NEW YORK, NY - NOVEMBER 05: A voting booth stands at the ready as students return to school on November 5, 2012 in the East Village neighborhood of New York, United States. Students at Public School 188, like most schools in New York City, returned to class Monday for the first time since the hurricane hit last week. Many students in the area were displaced due to storm flooding. The school will be used as a polling center in Tuesday's Presidential election. (Photo by John Moore/Getty Images)  (2012 Getty Images)

This year’s record-breaking midterm election campaign will cost $3.67 billion, which the Center for Responsive Politics reports is the most expensive midterm campaign ever.

Beyond the impressive spending numbers, the attention on winning the Hispanic vote continues to become a more prominent message in the agendas and rhetoric of both parties. There are 25 million eligible Latino voters which is an increase of 2 million since 2012. Every month in fact approximately 50,000 U.S. born Hispanics turn 18.

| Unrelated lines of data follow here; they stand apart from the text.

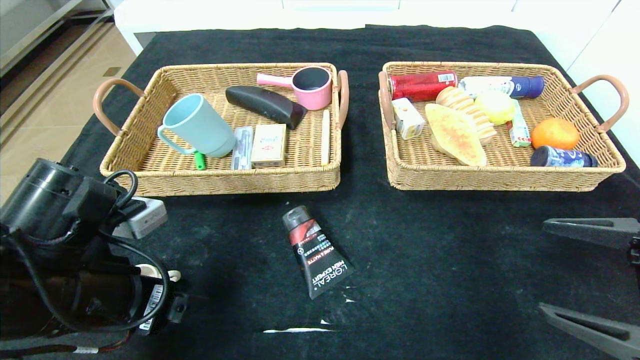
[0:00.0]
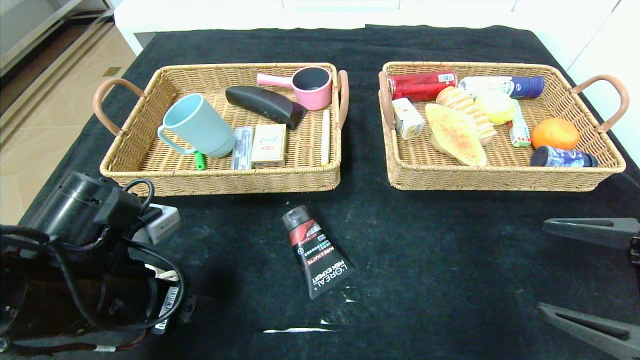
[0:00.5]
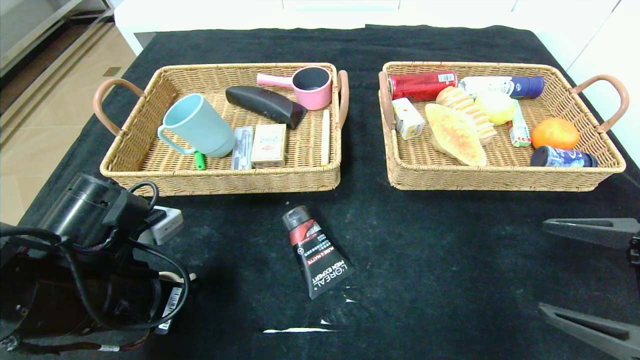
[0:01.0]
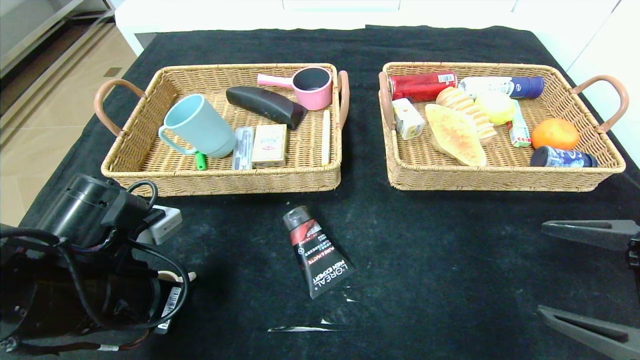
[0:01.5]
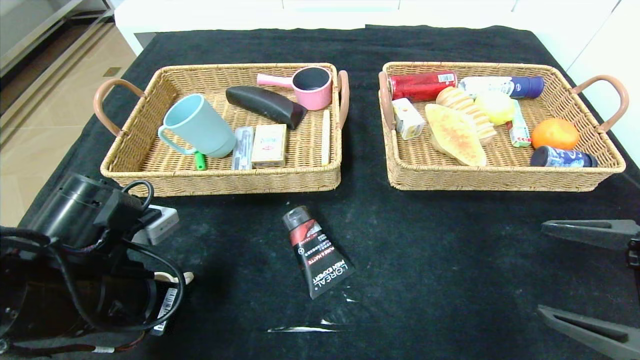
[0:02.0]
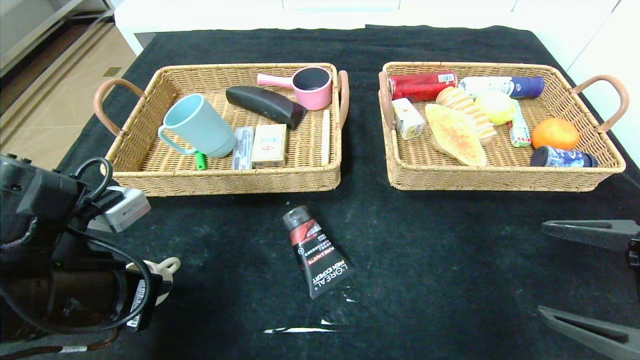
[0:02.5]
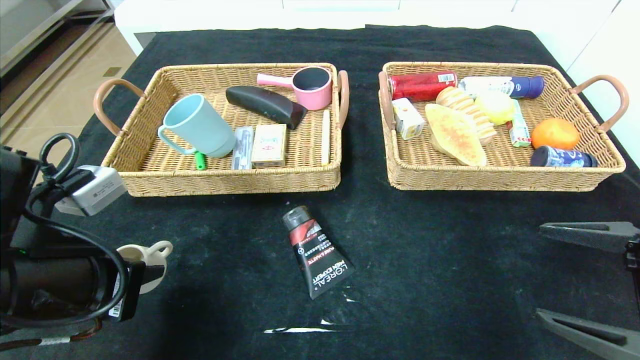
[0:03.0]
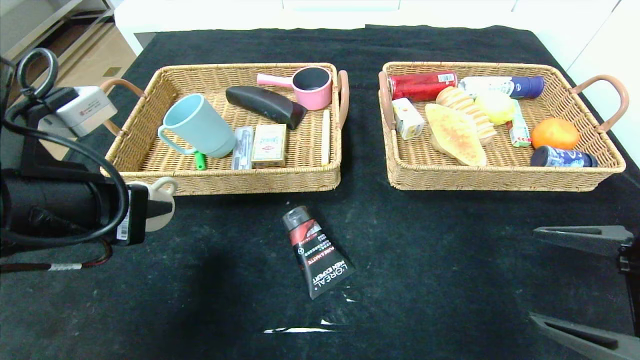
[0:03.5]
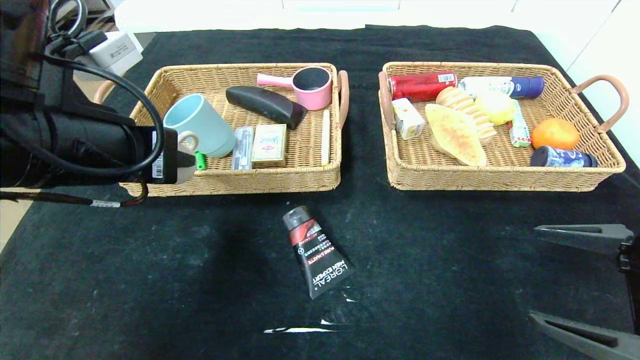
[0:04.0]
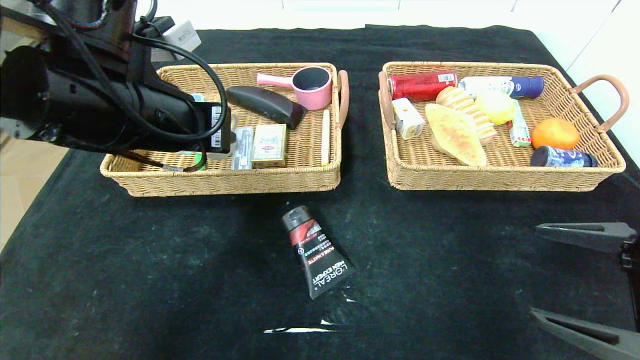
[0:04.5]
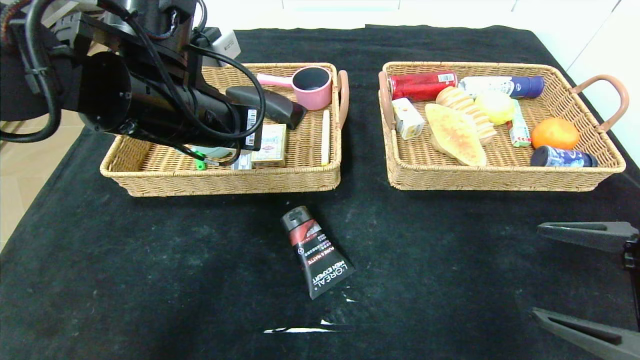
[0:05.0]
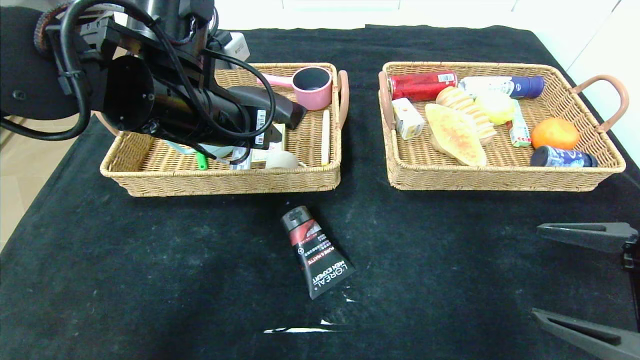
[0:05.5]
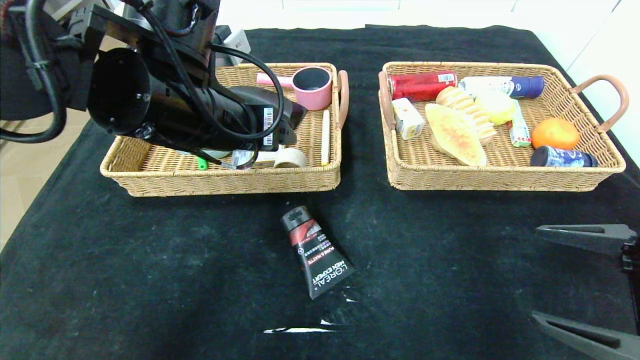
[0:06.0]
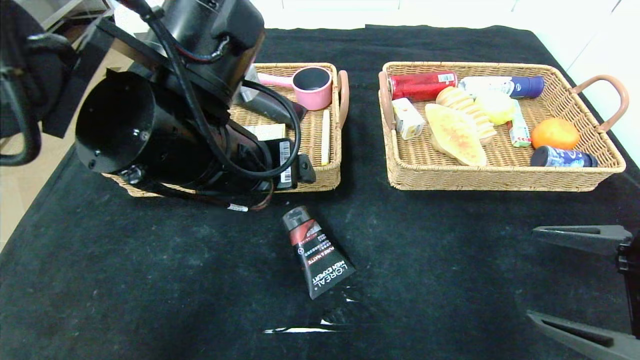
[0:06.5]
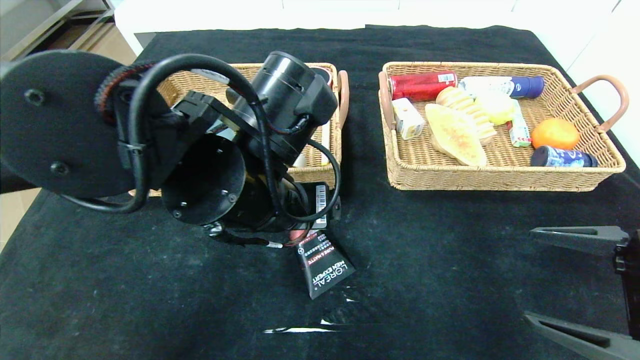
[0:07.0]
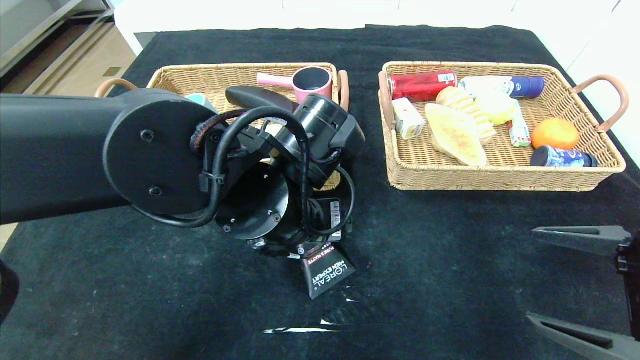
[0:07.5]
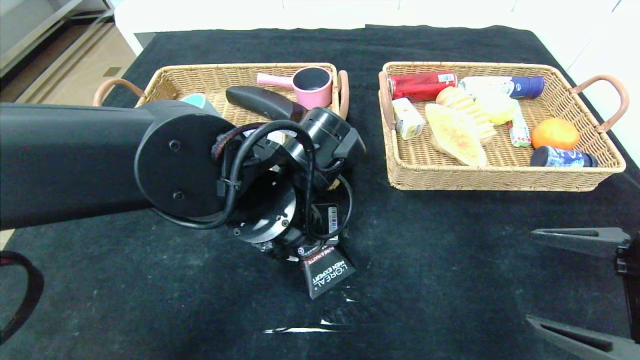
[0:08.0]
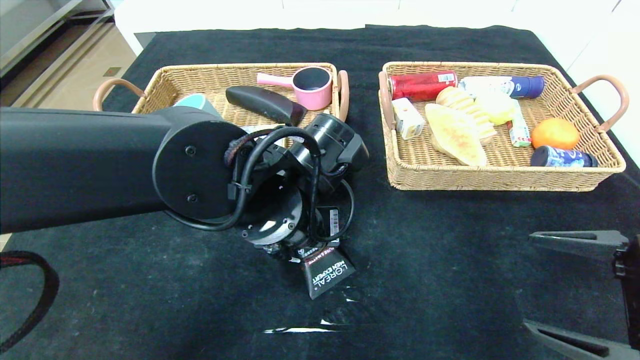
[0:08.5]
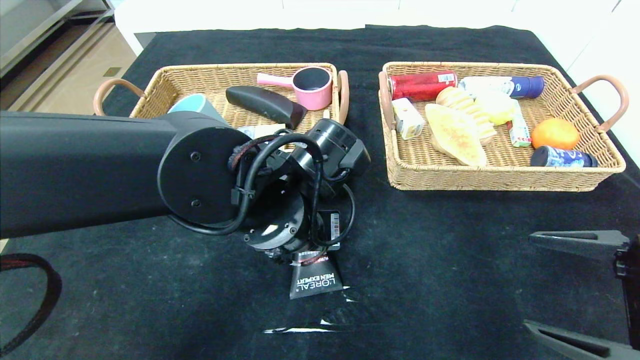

After President Obama’s impressive win of the Latino vote at 71 versus 27 for nominee Mitt Romney, the Democratic Party enjoys a greater level of comfort with the group that could influence key battle grounds. In Colorado for example, Latinos make up 15.4 percent of the eligible voting population, according to 2013 American Community Survey statistics analyzed by the polling firm Latino Decisions, and a fierce battle between incumbent Mark Udall (D) and Cory Gardner (R) for the senate could grant Republicans one of the six seats needed to regain control.

While Democrats have historically reported a wide advantage; however this number is declining vs. 2010 with 65 percent of Hispanic favoring Republicans in 2010 down to 57 percent this year. More than half of registered Latino voters (53 percent) say the Democratic Party takes their vote for granted. On the other hand, Republicans are also making their best attempts to reach the community and gain a relevant voice that balances accusations of amnesty versus the need for proper immigration reform.  Their struggle in keeping the base aligned while gaining new Hispanic voters puts their positions at odds at times.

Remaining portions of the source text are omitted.